Stipe Bačelić-Grgić

Personal information
- Date of birth: 16 February 1988 (age 38)
- Place of birth: Šibenik, SFR Yugoslavia
- Height: 1.87 m (6 ft 1+1⁄2 in)
- Position: Midfielder

Youth career
- 1997–2003: Šibenik
- 2003–2006: Hajduk Split

Senior career*
- Years: Team / Apps / (Gls)
- 2006–2009: Hajduk Split / 2 / (0)
- 2007: → Šibenik (loan) / 0 / (0)
- 2007–2008: → Trogir (loan) / 12 / (0)
- 2008–2009: → Međimurje (loan) / 25 / (4)
- 2009–2011: Šibenik / 61 / (11)
- 2012–2013: Istra 1961 / 38 / (9)
- 2013–2014: Hrvatski Dragovoljac / 24 / (10)
- 2014–2015: Cercle Brugge / 24 / (1)
- 2015–2018: Puskás Akadémia / 43 / (2)
- 2016–2017: → Mezőkövesdi SE (loan) / 28 / (9)
- 2018–2021: Slaven Belupo / 57 / (8)
- 2021–2022: Šibenik / 18 / (2)
- 2022–2023: Croatia Zmijavci / 19 / (4)
- 2023–2024: Šibenik / 15 / (2)

International career
- 2003–2004: Croatia U16 / 5 / (2)
- 2005: Croatia U17 / 17 / (6)
- 2006: Croatia U19 / 3 / (2)

= Stipe Bačelić-Grgić =

Croatian footballer

Stipe Bačelić-Grgić (born 16 February 1988) is a Croatian former professional footballer who played as a midfielder.

==Club career==
A product of HNK Hajduk Split youth academy, Bačelić-Grgić was promoted to the squad in July 2006, but failed to break into the first team and earn any appearances the following season.
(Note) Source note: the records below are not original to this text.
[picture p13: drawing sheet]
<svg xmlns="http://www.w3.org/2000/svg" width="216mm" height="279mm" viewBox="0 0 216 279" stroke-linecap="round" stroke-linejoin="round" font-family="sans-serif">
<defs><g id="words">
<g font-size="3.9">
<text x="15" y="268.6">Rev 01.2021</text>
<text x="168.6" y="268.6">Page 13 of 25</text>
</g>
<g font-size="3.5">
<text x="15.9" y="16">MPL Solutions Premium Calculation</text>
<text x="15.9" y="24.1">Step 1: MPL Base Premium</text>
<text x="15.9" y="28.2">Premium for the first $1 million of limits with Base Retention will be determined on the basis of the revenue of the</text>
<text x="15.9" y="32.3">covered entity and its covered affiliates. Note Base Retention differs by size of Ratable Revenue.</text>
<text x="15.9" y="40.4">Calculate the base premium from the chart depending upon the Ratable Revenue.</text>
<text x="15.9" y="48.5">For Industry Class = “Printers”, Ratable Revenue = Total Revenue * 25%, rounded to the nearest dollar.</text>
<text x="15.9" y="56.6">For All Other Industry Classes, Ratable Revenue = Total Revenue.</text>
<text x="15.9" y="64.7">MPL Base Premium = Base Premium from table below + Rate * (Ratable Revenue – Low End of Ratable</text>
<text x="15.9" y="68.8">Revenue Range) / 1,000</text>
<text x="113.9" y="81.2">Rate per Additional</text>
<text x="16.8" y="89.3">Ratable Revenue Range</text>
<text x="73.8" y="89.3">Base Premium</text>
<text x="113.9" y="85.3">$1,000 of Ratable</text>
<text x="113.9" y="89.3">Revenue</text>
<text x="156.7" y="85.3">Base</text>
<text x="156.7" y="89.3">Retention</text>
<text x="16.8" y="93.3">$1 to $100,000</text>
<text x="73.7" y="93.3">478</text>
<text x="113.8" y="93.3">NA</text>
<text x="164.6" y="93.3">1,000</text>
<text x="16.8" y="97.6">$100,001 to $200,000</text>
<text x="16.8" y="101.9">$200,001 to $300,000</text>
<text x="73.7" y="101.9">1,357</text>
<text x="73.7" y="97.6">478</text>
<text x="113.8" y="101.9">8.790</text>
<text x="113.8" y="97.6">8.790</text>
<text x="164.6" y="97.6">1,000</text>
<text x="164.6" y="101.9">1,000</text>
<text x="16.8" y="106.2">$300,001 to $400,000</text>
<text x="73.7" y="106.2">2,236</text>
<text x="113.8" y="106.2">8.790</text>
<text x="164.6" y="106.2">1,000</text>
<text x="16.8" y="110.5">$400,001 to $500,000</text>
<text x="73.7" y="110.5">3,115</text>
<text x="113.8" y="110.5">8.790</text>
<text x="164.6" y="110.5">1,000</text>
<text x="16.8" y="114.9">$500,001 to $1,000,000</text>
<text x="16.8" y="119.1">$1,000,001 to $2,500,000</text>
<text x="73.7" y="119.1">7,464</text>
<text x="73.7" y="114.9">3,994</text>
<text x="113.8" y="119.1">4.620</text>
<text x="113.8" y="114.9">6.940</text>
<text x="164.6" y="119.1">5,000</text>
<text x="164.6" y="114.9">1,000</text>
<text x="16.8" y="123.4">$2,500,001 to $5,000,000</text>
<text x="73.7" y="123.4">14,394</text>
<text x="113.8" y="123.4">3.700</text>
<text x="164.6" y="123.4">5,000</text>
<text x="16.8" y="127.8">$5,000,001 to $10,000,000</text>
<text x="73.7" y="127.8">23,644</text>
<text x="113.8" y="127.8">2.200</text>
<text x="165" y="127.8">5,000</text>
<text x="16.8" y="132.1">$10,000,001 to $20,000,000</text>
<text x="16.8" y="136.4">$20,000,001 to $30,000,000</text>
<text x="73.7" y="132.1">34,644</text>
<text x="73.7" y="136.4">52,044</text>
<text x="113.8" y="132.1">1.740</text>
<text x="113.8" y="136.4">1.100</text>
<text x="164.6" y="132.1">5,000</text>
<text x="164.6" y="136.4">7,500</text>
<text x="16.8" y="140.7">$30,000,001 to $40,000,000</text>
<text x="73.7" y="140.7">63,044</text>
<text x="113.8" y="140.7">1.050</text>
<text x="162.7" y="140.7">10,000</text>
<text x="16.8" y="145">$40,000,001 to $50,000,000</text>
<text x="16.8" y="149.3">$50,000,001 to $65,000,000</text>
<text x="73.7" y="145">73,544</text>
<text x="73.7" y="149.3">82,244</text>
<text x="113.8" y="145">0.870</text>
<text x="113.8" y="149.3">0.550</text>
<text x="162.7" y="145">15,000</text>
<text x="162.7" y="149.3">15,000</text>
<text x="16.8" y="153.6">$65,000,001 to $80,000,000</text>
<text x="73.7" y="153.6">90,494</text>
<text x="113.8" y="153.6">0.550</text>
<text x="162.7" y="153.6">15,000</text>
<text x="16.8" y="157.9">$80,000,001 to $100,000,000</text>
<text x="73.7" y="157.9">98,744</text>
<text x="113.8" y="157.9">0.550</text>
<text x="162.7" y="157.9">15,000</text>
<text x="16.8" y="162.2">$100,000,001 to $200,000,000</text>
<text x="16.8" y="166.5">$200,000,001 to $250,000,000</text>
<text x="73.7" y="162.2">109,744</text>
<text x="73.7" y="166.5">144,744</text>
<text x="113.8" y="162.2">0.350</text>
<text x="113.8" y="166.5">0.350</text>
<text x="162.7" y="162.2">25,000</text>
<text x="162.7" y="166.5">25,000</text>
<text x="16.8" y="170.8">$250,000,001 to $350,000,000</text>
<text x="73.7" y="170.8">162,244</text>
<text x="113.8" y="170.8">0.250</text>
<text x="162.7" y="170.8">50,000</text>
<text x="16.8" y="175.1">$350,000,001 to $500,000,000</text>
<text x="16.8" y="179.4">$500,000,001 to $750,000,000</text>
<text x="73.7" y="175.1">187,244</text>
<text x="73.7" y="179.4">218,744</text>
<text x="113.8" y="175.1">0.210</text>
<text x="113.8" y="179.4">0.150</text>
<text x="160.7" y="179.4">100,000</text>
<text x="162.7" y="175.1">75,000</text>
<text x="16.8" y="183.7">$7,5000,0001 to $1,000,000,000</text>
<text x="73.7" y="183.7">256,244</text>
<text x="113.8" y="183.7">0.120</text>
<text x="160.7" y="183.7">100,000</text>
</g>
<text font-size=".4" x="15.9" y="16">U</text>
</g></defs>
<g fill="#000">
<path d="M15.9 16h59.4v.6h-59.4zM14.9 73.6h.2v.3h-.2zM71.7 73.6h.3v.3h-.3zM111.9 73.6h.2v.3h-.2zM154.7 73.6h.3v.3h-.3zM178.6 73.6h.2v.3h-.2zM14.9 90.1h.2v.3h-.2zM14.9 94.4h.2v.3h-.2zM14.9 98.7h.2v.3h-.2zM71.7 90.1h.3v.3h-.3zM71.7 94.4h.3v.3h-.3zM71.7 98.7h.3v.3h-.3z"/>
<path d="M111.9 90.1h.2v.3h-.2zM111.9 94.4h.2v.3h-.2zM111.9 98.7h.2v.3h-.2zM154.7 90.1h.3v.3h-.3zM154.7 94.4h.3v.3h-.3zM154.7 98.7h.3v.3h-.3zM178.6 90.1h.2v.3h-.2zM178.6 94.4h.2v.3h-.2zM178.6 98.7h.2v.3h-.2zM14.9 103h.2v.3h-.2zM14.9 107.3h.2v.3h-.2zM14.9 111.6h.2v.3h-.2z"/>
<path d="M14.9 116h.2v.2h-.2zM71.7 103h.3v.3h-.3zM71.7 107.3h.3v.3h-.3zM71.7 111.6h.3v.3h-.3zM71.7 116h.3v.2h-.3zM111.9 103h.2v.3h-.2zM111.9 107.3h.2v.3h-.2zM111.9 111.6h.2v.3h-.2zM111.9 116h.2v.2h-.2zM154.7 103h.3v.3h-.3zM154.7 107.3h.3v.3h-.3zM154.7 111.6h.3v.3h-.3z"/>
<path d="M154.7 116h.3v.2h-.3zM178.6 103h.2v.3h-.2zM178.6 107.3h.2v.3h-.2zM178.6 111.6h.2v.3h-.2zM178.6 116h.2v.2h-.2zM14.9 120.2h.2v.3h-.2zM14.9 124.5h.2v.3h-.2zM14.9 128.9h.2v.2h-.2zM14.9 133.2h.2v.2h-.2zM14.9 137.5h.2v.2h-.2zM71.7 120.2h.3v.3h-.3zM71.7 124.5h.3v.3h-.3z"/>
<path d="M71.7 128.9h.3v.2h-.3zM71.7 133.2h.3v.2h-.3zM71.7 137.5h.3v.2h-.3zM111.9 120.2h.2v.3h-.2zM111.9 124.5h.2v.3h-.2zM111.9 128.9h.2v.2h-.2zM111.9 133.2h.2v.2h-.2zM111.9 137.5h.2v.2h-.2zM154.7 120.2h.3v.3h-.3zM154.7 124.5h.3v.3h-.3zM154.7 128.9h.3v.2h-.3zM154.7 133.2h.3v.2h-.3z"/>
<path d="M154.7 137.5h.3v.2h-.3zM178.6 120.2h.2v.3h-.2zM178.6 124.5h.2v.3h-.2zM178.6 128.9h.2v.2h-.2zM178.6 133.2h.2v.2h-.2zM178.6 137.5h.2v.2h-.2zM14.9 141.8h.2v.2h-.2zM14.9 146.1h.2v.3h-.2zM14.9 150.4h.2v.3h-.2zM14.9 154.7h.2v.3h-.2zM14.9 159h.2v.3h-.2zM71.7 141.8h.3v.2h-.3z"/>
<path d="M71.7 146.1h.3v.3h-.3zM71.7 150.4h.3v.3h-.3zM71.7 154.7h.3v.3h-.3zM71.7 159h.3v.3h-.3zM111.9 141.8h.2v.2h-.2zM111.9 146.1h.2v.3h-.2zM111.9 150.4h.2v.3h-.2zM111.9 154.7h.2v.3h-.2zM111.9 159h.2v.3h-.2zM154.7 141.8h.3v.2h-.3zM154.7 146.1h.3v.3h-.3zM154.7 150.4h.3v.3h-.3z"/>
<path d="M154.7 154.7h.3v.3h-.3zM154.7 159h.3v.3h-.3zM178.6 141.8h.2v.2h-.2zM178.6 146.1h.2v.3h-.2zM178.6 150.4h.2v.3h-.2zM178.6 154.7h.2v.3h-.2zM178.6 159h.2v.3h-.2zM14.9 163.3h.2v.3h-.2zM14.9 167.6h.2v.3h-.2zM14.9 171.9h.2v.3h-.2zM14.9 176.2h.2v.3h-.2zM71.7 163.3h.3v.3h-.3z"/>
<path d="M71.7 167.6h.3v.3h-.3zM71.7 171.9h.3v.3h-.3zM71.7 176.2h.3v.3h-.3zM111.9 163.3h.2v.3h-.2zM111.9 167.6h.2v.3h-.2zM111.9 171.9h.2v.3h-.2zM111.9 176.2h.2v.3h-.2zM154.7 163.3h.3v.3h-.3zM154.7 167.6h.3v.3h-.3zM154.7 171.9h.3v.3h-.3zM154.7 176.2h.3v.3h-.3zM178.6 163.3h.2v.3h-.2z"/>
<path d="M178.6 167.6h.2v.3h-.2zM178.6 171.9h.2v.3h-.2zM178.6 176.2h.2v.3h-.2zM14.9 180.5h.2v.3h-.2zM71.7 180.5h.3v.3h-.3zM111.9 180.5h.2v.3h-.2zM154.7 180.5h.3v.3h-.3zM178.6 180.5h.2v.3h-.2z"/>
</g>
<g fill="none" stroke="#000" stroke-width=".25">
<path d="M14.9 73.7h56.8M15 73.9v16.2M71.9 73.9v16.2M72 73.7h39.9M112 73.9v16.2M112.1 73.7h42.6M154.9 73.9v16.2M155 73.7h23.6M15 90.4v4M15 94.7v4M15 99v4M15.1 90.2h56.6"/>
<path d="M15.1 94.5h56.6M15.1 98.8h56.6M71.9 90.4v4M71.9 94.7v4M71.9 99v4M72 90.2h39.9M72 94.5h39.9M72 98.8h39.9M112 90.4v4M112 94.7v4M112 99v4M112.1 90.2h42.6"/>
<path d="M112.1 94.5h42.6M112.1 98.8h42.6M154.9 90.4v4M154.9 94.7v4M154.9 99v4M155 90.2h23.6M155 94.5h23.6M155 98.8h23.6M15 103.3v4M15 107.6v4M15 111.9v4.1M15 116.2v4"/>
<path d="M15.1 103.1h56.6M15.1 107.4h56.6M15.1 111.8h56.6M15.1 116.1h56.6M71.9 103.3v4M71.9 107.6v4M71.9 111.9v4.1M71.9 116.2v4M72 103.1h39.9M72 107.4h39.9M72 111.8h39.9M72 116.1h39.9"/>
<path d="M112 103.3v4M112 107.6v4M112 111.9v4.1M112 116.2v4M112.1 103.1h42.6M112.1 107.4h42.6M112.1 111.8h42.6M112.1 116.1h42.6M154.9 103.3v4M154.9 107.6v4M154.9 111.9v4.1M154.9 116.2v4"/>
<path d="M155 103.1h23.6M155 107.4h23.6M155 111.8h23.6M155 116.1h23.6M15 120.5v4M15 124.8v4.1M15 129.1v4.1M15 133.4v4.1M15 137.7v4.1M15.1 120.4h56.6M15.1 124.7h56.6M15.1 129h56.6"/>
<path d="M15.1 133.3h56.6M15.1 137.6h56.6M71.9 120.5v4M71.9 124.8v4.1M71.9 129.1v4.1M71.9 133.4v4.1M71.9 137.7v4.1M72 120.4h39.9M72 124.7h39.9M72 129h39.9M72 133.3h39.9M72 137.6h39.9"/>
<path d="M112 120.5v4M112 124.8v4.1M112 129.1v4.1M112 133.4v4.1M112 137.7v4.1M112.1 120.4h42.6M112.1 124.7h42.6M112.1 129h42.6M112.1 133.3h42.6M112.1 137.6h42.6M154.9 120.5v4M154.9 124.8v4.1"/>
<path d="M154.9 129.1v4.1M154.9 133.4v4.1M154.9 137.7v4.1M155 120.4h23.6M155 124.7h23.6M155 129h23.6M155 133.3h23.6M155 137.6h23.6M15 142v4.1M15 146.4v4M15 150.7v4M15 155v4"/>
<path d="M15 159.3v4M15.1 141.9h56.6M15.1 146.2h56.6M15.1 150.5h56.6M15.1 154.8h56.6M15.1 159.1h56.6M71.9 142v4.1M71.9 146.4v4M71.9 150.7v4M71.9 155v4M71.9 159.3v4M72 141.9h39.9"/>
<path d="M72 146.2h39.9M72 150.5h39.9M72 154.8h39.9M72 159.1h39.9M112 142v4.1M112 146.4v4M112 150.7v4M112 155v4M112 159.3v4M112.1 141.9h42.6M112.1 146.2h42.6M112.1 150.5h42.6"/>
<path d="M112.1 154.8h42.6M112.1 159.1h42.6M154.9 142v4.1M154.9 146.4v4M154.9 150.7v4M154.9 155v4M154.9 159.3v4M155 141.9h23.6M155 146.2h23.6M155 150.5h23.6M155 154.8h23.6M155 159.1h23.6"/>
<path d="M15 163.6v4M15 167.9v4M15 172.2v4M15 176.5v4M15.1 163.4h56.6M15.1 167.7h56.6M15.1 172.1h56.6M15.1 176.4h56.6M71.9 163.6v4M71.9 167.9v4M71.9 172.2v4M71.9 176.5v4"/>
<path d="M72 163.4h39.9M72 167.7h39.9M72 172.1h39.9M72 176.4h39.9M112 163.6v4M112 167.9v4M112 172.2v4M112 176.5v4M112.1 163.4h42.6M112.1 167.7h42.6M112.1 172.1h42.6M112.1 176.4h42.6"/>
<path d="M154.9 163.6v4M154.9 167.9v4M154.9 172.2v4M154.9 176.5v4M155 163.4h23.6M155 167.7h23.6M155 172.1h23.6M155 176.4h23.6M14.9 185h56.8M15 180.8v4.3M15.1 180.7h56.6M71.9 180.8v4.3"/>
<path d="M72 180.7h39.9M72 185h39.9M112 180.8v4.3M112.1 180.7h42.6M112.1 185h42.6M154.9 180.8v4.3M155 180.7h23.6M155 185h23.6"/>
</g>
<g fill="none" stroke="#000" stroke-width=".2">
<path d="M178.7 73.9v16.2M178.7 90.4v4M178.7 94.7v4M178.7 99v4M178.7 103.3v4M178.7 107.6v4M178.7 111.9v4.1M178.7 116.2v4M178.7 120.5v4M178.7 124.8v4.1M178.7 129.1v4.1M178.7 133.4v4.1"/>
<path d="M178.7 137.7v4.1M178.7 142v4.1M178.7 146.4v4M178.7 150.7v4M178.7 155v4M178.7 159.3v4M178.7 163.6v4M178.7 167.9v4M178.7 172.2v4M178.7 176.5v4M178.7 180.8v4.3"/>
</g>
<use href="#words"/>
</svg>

He spent the next three years on loans spells at HNK Šibenik, HNK Trogir and NK Međimurje. Upon the end of his last loan at Međimurje he was released by Hajduk in June 2009 and joined his hometown club Šibenik the following month on a free transfer. In December 2011, he terminated his contract with Šibenik through arbitration. In January 2012, Bačelić-Grgić signed a two-and-a-half-year contract with Istra 1961.

==International career==
Bačelić-Grgić was also capped a total of 25 times and scored 10 goals for Croatia's U-16, U-17 and U-19 teams between 2003 and 2006, and was a regular member of the squad which won fourth place at the 2005 European Under-17 Championship.